Bonnie Choy Nga-kwan, an ophthalmology clinical associate professor at HKU, added about 90 per cent of glaucoma patients did not seek medical help for the disease. She said the condition was discovered through treatment for other health problems.

Choy said screenings were important because people were unlikely to ask for eye examinations when they had not detected any sight impairment, but very often it would be too late when they did seek medical advice

“Most glaucoma patients won’t go to the doctor. When they do, sometimes I have to regretfully inform them that it was too late and that the only thing I could do was control the condition. But no matter what we do, it cannot be reversed,” Choy said.

Under the revamped glaucoma check, patients will have a shorter test, as the new procedure can incorporate a visual field analysis into the usual optic imaging procedure used to scan their retinas.

“We need patients to fixate on a single spot of light for at least five minutes to test the visual field at present. If the patient is looking around, we will get unreliable results. This is challenging for patients with eye diseases,” Leung said.

But the improved test will only take two minutes as the ROTA technology can be used to obtain visual field information as well.

More than 3,000 public housing families in Southern, Kwun Tong and Tai Po districts will be randomly selected for testing from next month to June 2024.

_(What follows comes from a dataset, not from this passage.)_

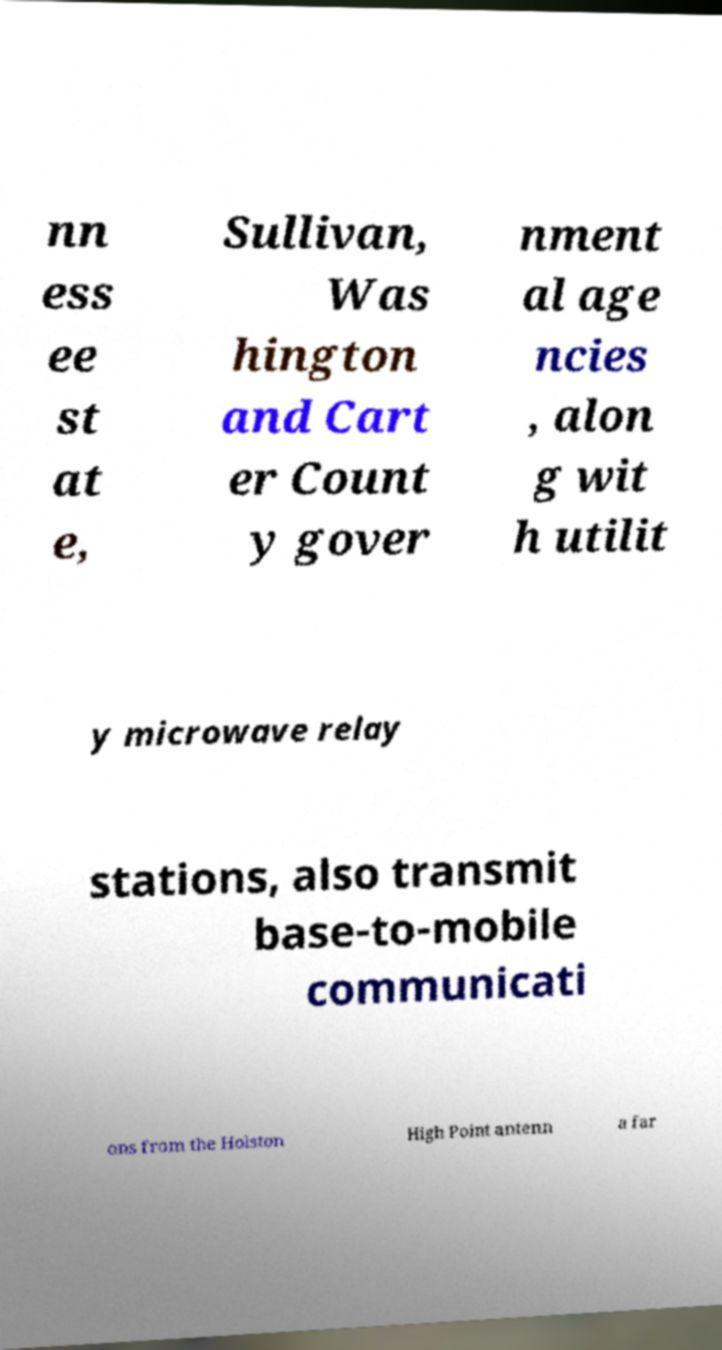Please identify and transcribe the text found in this image. nn ess ee st at e, Sullivan, Was hington and Cart er Count y gover nment al age ncies , alon g wit h utilit y microwave relay stations, also transmit base-to-mobile communicati ons from the Holston High Point antenn a far

They will be given invitations to make test appointments for up to two family members aged 50 or over at health centres in their home district.

People admitted to the programme will be given a series of eye examinations, including visual acuity tests, refraction tests, a test for pressure inside the eye and an imaging test for glaucoma.

The hi-tech eye exams are expected to be introduced in other districts next year.

Leung said he hoped to use the check-up programme as a pilot scheme for eye checks which could be introduced into the government’s primary healthcare services.

Eyesight tests are at present not included in the scope of services available at district health centres.

“Some glaucoma patients’ conditions may deteriorate [during a long wait]. That’s why we hope to shift current eye checks to district health centres to reduce the burden on tertiary care or ophthalmologists,” Leung said.